The community closes in around you; you talk to neighbours more, co-workers drag bin bags full of clothes in on the bus of a morning, you stop local politicians to complain about the lack of childcare. The diocese closed my school after I left (though that wasn’t the reason) and I hadn’t been back until last week when we went to visit the creche that’s now in part of the beautiful old sandstone building. There’s a monkey maze in the chapel and none of pupils were smoking in the toilets.

What else? We had the pleasure of having comedian Jarlath Regan — who’d recently become a dad — do a short set at one of our Christmas parties some years ago. The Irishman Abroad host said, essentially, that having a baby is like a bomb going off in your life… and your friends could not care less.

This is true (everyone cares of course, but ultimately, you’re on your own) and since our arrival, I’ve realised what a piddling effort I’ve made in the past with friends who’ve gone through this ridiculous process.
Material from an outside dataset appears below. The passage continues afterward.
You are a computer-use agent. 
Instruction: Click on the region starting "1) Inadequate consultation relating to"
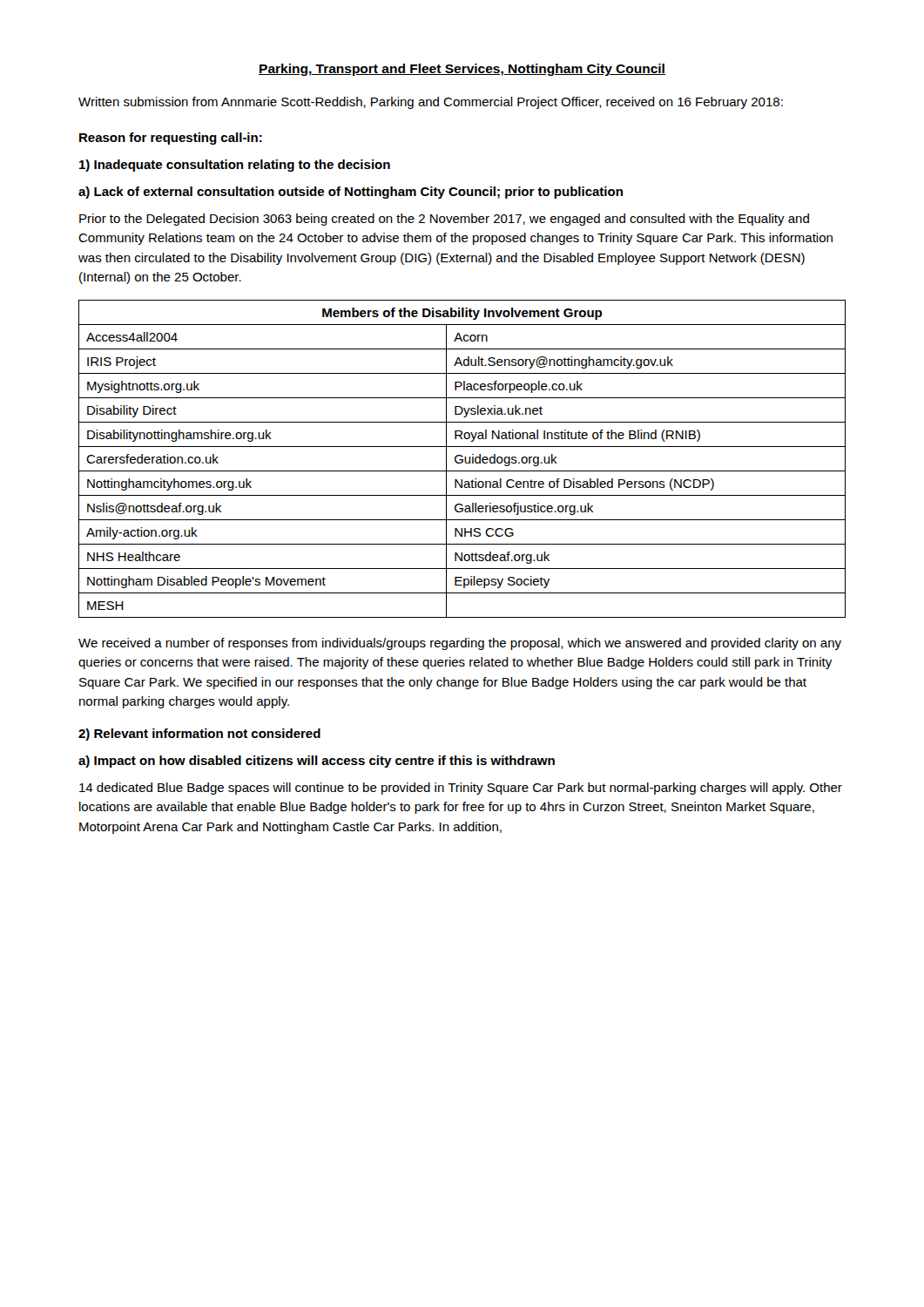(x=234, y=164)
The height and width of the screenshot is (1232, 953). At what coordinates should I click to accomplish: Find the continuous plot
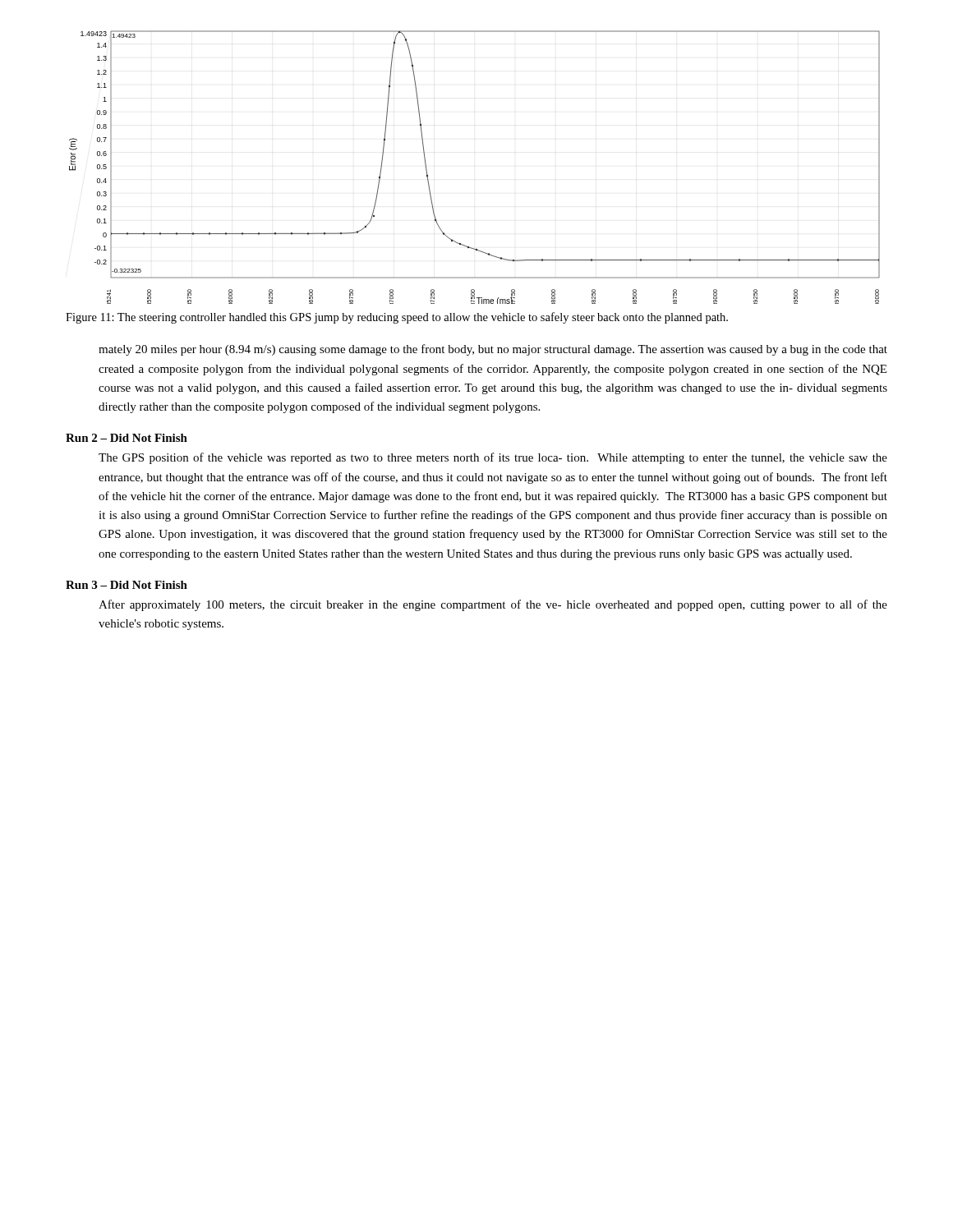476,164

Texting queries from the pub and maybe popping in with a soft toy was about the extent of my curiousity or assistance. I’ll be a bit more equipped in the future to help buddies and look forward to telling them that ‘the first six weeks are the hardest’.

Maybe that’s a man thing, admittedly.

Because really, this is all about the mother and baby. You learn that as hover around half-uselessly for the first few weeks, feeling like you’re in the way and you’re like one of those gormless men from TV adverts. Everyone muddles through in their own way – ‘there’s worse dopes than us have done it’, as one friend told me on a stag night not long after the birth.

Ultimately, it’s fine not to feel immediately connected with this little intruder in your house. It takes a while but there’s plenty of time to get to know each other.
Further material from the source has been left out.